:: What needs to be done ::
When a line in the records contains the string "each", copy that line.

:: Source data ::
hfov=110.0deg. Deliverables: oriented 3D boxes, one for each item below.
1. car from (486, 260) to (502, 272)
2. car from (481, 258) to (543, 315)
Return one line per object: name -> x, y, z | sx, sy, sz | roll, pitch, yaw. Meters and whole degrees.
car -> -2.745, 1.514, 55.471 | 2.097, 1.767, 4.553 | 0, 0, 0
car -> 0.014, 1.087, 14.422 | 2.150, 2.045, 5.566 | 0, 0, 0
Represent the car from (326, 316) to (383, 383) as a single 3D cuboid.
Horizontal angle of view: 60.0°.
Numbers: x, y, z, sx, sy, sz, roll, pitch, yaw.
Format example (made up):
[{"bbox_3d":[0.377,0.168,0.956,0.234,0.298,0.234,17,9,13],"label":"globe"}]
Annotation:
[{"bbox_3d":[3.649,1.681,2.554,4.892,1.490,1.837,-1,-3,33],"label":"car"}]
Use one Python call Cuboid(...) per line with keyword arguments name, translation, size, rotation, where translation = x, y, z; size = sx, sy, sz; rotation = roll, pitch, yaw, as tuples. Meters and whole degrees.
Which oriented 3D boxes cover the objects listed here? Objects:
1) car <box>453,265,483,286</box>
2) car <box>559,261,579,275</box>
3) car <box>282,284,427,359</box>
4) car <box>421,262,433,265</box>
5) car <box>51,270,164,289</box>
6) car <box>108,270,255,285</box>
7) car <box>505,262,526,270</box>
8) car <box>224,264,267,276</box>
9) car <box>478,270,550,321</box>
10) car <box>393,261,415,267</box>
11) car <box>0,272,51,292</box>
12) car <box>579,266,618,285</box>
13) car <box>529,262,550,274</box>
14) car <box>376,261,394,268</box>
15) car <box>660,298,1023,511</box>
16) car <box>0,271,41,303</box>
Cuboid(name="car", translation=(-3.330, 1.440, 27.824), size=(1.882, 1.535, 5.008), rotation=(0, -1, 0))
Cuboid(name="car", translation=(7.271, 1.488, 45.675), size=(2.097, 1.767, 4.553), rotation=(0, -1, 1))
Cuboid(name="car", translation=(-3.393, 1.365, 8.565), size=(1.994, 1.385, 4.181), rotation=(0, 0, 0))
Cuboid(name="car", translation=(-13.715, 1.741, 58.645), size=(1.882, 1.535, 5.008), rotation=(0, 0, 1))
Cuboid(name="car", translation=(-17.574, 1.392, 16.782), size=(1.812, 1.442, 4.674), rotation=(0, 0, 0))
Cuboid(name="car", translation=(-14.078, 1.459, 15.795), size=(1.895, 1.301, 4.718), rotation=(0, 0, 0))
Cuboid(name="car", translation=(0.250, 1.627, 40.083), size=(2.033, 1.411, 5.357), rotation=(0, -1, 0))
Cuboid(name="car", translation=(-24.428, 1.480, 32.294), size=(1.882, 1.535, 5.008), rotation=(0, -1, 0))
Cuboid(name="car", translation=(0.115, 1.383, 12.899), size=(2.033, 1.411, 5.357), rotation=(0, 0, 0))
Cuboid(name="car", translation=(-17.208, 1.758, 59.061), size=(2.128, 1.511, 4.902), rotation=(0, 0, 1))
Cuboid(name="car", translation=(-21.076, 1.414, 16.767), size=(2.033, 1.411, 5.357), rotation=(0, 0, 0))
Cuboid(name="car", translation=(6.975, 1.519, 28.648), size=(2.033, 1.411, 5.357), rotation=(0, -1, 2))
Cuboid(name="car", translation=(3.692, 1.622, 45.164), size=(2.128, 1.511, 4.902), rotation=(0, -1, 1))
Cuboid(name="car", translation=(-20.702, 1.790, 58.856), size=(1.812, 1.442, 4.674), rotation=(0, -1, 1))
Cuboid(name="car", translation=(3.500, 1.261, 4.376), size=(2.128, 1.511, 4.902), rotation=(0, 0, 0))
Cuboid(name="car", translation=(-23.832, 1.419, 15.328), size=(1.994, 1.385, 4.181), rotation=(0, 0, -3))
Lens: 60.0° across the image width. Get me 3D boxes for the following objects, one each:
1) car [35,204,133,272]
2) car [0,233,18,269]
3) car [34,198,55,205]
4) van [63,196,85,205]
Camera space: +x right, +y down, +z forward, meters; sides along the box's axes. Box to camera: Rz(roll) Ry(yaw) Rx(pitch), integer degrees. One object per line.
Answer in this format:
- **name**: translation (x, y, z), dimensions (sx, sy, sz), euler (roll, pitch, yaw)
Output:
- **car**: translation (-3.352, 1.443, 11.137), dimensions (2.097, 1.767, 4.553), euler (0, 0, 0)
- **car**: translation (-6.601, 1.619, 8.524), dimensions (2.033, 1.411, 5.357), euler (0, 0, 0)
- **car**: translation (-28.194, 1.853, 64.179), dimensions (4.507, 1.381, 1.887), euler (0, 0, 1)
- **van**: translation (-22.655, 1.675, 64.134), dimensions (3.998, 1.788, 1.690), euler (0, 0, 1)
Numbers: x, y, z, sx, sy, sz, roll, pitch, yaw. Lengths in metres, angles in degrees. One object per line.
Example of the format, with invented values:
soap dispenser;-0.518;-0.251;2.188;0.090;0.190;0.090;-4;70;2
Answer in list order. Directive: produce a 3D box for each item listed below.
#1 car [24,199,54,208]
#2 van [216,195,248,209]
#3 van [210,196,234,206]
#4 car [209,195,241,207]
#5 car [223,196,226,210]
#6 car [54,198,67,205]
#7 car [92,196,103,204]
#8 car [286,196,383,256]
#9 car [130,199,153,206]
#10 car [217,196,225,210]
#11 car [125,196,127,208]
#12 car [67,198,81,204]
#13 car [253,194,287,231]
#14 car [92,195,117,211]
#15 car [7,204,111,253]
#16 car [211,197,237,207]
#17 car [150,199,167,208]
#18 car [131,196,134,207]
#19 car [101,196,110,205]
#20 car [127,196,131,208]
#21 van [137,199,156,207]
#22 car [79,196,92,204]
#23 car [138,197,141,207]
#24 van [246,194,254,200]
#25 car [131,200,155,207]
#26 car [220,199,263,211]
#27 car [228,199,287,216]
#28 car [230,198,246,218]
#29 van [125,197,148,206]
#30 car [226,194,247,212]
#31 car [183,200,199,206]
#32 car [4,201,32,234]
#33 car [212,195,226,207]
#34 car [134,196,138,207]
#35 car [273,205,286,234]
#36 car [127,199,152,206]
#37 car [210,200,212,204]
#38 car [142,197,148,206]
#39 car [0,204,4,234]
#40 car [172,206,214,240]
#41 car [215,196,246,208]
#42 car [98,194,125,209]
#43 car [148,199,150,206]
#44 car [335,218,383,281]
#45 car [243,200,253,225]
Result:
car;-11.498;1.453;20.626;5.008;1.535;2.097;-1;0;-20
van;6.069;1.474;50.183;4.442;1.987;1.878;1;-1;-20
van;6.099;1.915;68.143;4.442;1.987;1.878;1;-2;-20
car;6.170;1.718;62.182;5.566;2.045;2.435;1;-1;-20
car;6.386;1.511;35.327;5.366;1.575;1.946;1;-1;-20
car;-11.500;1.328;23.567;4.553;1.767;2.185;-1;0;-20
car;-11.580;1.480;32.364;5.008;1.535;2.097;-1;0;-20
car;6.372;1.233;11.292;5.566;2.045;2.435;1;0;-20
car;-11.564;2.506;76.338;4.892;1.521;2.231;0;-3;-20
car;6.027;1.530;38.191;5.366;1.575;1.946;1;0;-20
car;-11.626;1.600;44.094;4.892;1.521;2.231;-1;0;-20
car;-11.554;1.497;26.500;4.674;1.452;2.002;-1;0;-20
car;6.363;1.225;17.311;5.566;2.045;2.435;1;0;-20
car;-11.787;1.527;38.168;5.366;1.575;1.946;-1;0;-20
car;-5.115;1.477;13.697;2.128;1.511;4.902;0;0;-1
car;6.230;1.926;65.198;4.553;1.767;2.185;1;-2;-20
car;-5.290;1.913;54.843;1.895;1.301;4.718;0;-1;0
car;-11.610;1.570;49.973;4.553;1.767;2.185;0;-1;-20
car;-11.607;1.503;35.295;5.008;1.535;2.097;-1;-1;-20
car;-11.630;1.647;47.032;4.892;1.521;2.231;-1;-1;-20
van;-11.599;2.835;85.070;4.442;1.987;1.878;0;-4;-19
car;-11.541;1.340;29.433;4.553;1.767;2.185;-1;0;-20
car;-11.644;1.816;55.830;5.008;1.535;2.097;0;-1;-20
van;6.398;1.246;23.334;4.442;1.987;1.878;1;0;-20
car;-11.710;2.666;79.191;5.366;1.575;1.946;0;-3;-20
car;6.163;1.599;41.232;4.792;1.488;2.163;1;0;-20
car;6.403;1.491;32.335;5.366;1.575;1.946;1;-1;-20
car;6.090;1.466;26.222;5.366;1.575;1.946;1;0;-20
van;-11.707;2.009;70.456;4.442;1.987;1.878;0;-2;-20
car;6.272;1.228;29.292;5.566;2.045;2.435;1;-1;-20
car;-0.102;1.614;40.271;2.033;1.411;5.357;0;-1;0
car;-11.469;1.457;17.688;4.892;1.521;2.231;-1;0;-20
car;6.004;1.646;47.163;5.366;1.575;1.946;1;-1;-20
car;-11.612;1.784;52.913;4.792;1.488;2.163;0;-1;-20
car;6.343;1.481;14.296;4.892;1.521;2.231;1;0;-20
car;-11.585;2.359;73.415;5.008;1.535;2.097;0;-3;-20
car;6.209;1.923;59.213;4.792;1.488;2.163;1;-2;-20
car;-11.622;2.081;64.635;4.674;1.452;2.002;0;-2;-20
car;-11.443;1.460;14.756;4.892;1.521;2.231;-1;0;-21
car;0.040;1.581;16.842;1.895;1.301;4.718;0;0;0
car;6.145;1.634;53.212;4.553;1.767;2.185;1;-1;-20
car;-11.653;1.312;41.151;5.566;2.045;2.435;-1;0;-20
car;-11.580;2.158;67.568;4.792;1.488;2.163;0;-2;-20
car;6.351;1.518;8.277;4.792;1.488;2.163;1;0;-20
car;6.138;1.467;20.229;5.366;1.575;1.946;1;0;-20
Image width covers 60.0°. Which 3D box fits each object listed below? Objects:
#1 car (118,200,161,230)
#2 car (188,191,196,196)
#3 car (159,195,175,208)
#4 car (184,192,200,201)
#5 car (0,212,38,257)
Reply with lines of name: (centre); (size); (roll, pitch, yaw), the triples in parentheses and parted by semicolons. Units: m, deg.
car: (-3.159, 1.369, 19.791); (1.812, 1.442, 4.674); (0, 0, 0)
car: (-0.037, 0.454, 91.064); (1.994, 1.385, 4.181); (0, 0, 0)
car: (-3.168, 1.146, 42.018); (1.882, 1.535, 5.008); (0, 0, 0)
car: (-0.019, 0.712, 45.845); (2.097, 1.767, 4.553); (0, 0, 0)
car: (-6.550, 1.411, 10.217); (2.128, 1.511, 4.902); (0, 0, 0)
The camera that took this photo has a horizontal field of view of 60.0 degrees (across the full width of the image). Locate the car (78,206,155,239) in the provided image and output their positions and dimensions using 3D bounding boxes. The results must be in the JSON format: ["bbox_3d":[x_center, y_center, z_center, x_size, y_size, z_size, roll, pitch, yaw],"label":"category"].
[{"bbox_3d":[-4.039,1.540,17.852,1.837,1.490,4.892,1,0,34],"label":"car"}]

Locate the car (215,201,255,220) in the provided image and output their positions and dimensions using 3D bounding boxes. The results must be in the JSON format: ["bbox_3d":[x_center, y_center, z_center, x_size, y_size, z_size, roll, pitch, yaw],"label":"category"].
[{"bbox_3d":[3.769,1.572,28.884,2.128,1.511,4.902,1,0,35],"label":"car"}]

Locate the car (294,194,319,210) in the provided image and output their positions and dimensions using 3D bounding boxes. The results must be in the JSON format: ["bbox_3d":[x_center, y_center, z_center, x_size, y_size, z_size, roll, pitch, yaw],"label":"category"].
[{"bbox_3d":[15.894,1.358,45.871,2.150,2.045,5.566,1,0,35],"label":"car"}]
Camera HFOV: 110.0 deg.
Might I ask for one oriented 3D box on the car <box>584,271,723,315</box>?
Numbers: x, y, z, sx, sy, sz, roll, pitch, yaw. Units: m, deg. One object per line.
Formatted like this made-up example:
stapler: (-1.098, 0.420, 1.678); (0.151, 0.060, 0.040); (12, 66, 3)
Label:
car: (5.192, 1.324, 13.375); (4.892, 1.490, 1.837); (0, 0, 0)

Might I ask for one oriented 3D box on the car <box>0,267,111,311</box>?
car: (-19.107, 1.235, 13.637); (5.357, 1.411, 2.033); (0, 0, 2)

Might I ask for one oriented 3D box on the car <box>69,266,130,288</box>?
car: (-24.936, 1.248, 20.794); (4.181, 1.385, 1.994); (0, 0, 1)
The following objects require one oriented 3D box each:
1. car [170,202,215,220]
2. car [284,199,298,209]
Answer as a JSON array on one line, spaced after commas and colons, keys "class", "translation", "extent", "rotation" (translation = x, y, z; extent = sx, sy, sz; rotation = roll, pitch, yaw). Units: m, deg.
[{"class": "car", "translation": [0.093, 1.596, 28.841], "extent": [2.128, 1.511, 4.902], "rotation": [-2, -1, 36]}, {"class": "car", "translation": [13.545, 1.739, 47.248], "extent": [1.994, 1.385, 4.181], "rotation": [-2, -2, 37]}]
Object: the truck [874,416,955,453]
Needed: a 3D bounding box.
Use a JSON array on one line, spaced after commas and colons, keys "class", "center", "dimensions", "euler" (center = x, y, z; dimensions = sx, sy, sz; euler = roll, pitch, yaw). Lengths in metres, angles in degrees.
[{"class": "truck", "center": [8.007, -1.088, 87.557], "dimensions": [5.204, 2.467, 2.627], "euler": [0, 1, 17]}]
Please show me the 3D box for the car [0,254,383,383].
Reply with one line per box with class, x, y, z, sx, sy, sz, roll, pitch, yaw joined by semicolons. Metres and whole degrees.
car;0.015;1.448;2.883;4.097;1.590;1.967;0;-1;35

:: Reply to the task ::
hfov=110.0deg. Deliverables: oriented 3D boxes, one for each item below.
Lens: 60.0° across the image width. Get me 3D boxes for the following objects, one each:
Answer in list order. Directive: produce a 3D box for each item listed below.
Image width covers 60.0°. Which 3D box fits each object listed below? Objects:
The following objects require one oriented 3D box each:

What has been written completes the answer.